China is making no secret of its desire to harm Taiwan by putting the screws to its economy. Beijing could cause enormous harm for relatively little direct cost and without dispatching a single soldier to the island: Companies always worry about disruption and reduce their operations or leave altogether if chaos seems likely. But that doesn’t mean the Taiwanese economy is doomed. Western companies can partner with Taiwanese ones and agree take on key parts of their operations in case of a crisis. Even just striking such deals would signal to Beijing that Taiwan is resilient—and that it has many friends.

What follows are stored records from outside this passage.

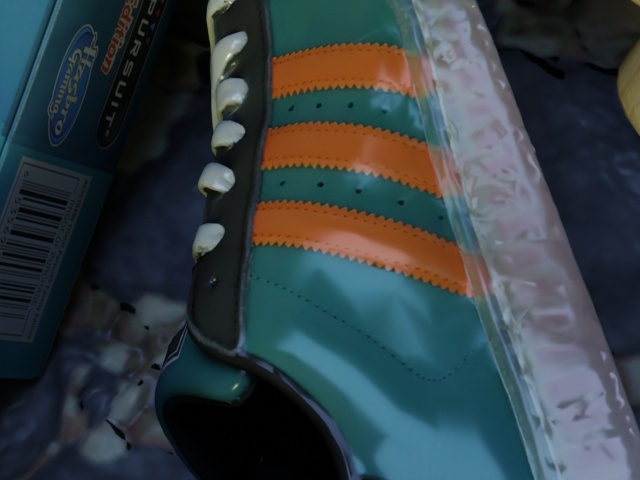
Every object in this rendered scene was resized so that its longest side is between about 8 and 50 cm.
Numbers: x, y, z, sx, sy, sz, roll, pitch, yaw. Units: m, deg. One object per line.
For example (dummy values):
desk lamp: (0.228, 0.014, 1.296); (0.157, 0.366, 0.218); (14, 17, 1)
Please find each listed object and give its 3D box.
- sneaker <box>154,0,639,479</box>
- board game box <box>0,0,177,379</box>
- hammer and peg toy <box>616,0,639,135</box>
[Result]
sneaker: (0.000, 0.000, 0.556); (0.121, 0.108, 0.302); (-15, 60, -7)
board game box: (-0.205, -0.131, 0.621); (0.336, 0.079, 0.254); (21, 91, 19)
hammer and peg toy: (0.089, -0.176, 0.505); (0.266, 0.127, 0.361); (35, 30, -11)
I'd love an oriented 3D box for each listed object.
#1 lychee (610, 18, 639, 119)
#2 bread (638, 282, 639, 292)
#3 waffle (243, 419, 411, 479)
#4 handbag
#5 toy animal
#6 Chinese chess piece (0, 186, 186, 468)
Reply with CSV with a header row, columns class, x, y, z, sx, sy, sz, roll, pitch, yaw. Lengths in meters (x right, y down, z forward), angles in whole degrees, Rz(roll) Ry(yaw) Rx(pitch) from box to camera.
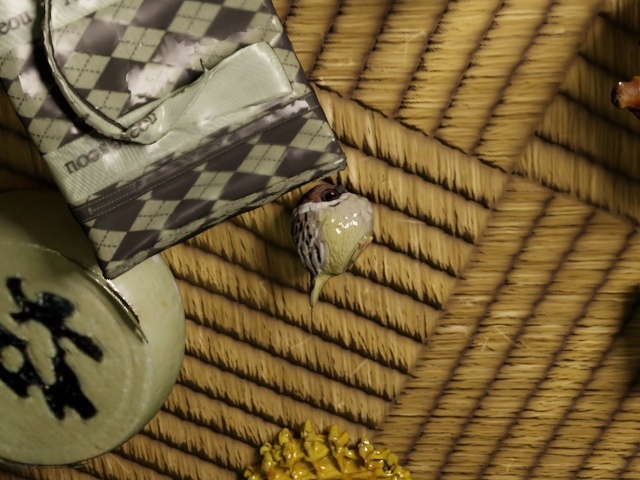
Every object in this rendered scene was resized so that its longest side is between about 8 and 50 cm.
class,x,y,z,sx,sy,sz,roll,pitch,yaw
lychee,0.409,-0.155,1.134,0.300,0.264,0.264,-6,118,-8
bread,0.452,0.082,1.329,0.172,0.103,0.132,-20,83,21
waffle,0.010,0.342,1.578,0.229,0.051,0.231,28,118,-2
handbag,-0.172,-0.207,1.242,0.317,0.180,0.416,-25,107,1
toy animal,0.000,0.000,1.371,0.098,0.098,0.137,33,99,-8
Chinese chess piece,-0.339,0.110,1.460,0.349,0.146,0.349,4,119,7

When Taiwanese President Tsai Ing-wen met with U.S. House Speaker Kevin McCarthy in California in April, Beijing responded with a military exercise featuring a simulated attack on the island—and, for good measure, dispatched an “inspection flotilla” to the Taiwan Strait, where its inspections would have wreaked havoc on the crucial but narrow shipping lane, through which 240 cargo ships sail on an average day. The message to global shipping companies was clear: Sailing near Taiwan is risky, and Beijing can cause chaos in the strait whenever it chooses.

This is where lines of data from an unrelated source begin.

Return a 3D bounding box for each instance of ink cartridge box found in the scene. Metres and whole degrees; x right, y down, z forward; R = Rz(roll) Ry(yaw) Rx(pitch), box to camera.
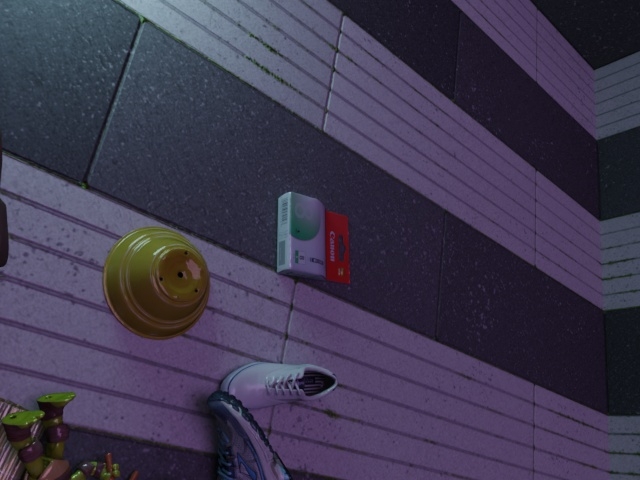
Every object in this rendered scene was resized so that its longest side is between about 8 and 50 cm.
[{"bbox_3d":[0.000,0.000,1.399,0.225,0.056,0.181,12,70,-38],"label":"ink cartridge box"}]

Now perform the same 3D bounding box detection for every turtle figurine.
[{"bbox_3d":[-0.400,0.347,0.911,0.269,0.087,0.217,-17,104,-56],"label":"turtle figurine"}]

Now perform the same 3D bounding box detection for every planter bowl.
[{"bbox_3d":[-0.276,0.070,1.102,0.217,0.090,0.217,13,70,-39],"label":"planter bowl"}]

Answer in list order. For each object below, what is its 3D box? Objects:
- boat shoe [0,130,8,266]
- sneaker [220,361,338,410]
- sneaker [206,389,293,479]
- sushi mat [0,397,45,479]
[{"bbox_3d":[-0.543,-0.107,0.896,0.104,0.111,0.307,-5,81,-44],"label":"boat shoe"},{"bbox_3d":[-0.077,0.287,1.217,0.258,0.091,0.094,0,78,-40],"label":"sneaker"},{"bbox_3d":[-0.144,0.408,1.104,0.122,0.110,0.283,-32,106,-13],"label":"sneaker"},{"bbox_3d":[-0.521,0.374,0.841,0.151,0.019,0.316,35,57,-29],"label":"sushi mat"}]
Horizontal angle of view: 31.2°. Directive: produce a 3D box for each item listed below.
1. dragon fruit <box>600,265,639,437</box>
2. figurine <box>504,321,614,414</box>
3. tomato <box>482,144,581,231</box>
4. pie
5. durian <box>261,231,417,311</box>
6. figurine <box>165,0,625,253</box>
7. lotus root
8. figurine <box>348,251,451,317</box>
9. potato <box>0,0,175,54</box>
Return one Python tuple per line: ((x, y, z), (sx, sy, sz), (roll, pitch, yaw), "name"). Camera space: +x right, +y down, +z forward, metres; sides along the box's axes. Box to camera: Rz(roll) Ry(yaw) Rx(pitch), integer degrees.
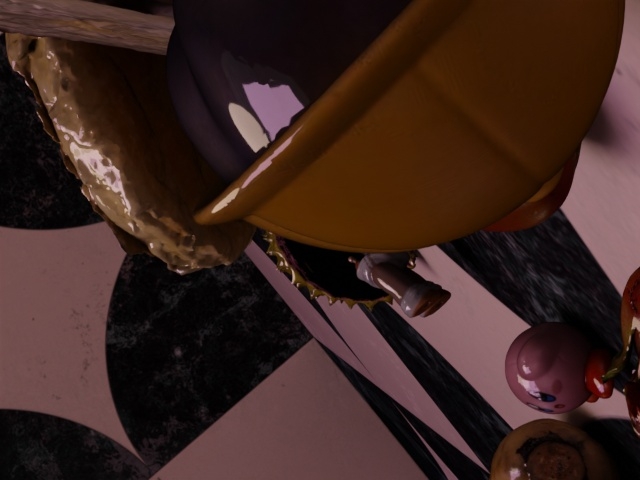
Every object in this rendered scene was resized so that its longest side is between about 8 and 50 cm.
((0.170, 0.046, 0.422), (0.138, 0.142, 0.175), (-33, -75, -64), "dragon fruit")
((0.169, 0.093, 0.832), (0.083, 0.071, 0.067), (83, -172, -62), "figurine")
((0.091, -0.047, 0.562), (0.087, 0.075, 0.087), (31, -125, -58), "tomato")
((-0.142, -0.130, 0.938), (0.339, 0.083, 0.339), (54, -155, -40), "pie")
((0.000, 0.000, 1.143), (0.186, 0.119, 0.108), (48, 168, -1), "durian")
((0.007, -0.122, 0.392), (0.192, 0.167, 0.256), (-73, -35, -84), "figurine")
((0.217, 0.231, 1.057), (0.221, 0.118, 0.125), (61, -161, -65), "lotus root")
((0.037, -0.021, 0.971), (0.197, 0.093, 0.147), (38, -170, 23), "figurine")
((-0.140, -0.246, 0.552), (0.290, 0.397, 0.295), (19, 104, 63), "potato")

A little saber-rattling is enough to unsettle many companies. Britain’s iconic Brompton Bicycle firm is, for example, reducing its use of Taiwanese suppliers out of fear of a Chinese invasion. Other companies with operations in Taiwan are adding conflict clauses to contracts. “Companies are increasingly concerned that in the event of a takeover of the island by force, the U.S. government could sanction assets in Taiwan if Washington deems them to be under China’s control,” Nikkei Asia reports.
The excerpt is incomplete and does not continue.